No one watching the debate will be much the wiser. Viewers polled by YouGov found it to be ‘frustrating’, ‘vague’ and ‘boring’.

Sunak had lots of ‘ideas’, but none that anyone expects to be implemented. The audience groaned and even laughed at his proposal for an ersatz national service. He will have been gutted not to have had the chance to present a PowerPoint on his plan to put fly-tippers in prison, or to fine utility companies who botch pavement repairs. Sunak’s pitch was to be next week’s Apprentice team leader, not to run a proud nation.

Starmer, on the other hand, preferred to point to the ‘chaos and division’ of the past 14 years than talk about his own plans. This worked, to a point. Sunak not only avoided defending the record of his four predecessors in Downing Street, he also struggled to stick up for his own two largely wasted years in office. He said he would cut taxes, though the tax burden has risen on his watch. He said he’d cut NHS waiting times, though these too have gone up.

Starmer delighted in reeling off the list of Tory failures. The trouble is, his own ‘solutions’ to the UK’s problems all seemed to amount to him becoming prime minister. Neither Sunak nor Etchingham managed to draw out any further details. When pressed multiple times on how he would resolve the ongoing junior-doctors’ strikes – critical to tackling the NHS backlog – Starmer simply repeated the need for them to be resolved: ‘We’ve got to resolve them and for months and months and months the prime minister hasn’t resolved them.’

Starmer’s vagueness came back to bite him when he clashed with Sunak over taxes. The Tory PM (falsely) claimed 12 times that Labour is planning to raise £2,000 in additional tax from the average household.
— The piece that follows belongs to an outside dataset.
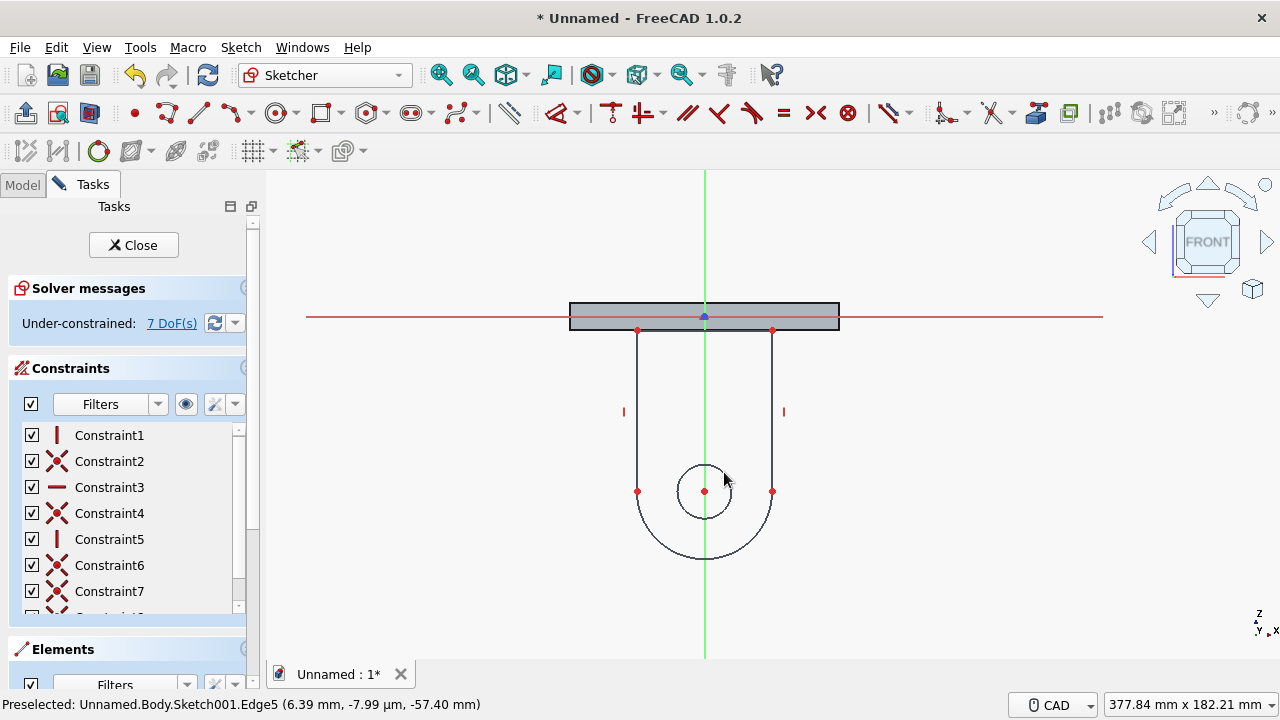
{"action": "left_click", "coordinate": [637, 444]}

Starmer dismissed this as ‘absolute rubbish’, though he struggled to debunk it on air. Since then, Labour spinners have gone all out in branding Sunak a ‘liar’ who cannot be trusted. This is a bit rich coming from a party that has spent months falsely claiming that the Tories are planning to immediately abolish national insurance and, by extension, decimate the state pension.
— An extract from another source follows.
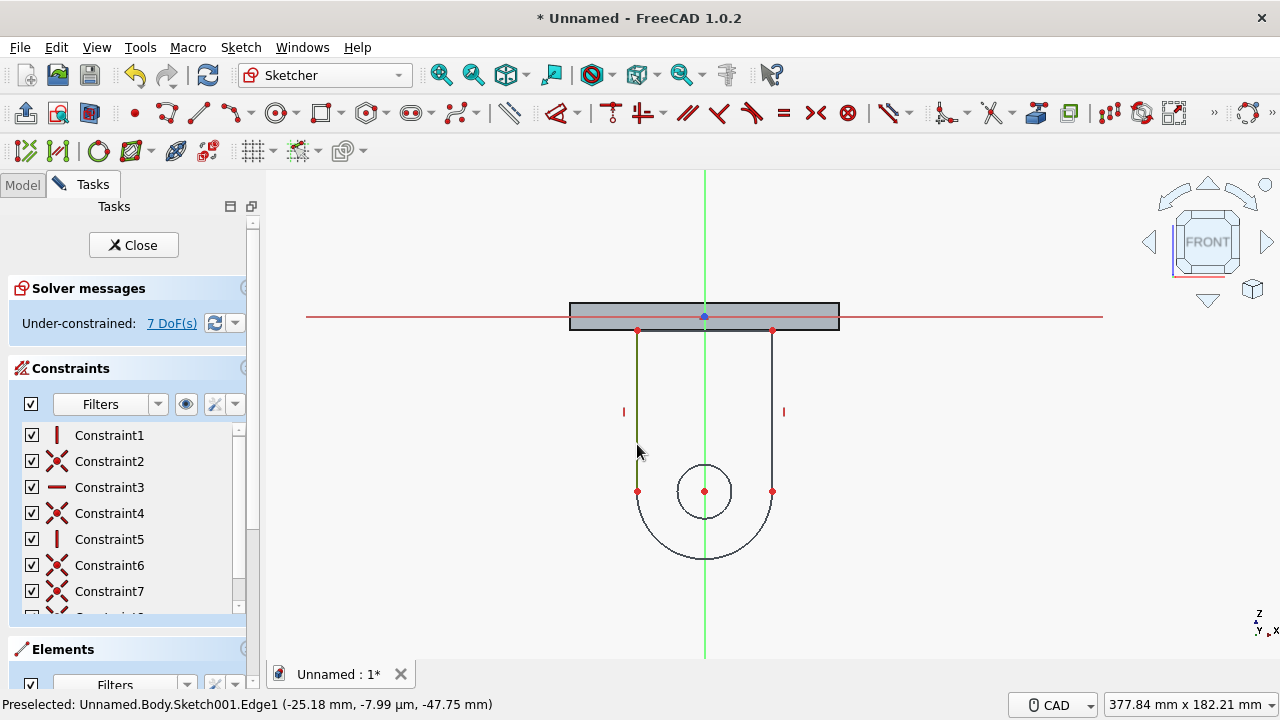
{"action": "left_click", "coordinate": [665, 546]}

In the ITV debate, both tried to present themselves as the ‘adult’ in the room, as the more able technocrat, though in slightly different ways. Sunak retreated to his slogan ‘clear plan… bold action’, whereas Starmer retreated to proceduralism and legalism. One of the few meaningful splits of the night was over the European Court of Human Rights. Sunak said he would be prepared to leave it, if it stands in the way of his Rwanda policy or of deporting illegal migrants. Starmer instead waffled about international law and Britain’s standing on the world stage. ‘We will not pull out of international agreements and international law which is respected the world over’, he said. Keeping in the good books of the so-called international community of supranational bodies and NGOs, in other words, should take priority over the national interest.

This was Starmer’s clearest answer of the night and a reminder that the Labour leader is a consummate globalist. This is a man who once said he preferred discussing politics with the global elites in Davos, than in the House of Commons, the beating heart of our democracy. Remarkably, he briefly managed to make the jet-setting, Silicon Valley-loving millionaire Sunak look relatively grounded by comparison.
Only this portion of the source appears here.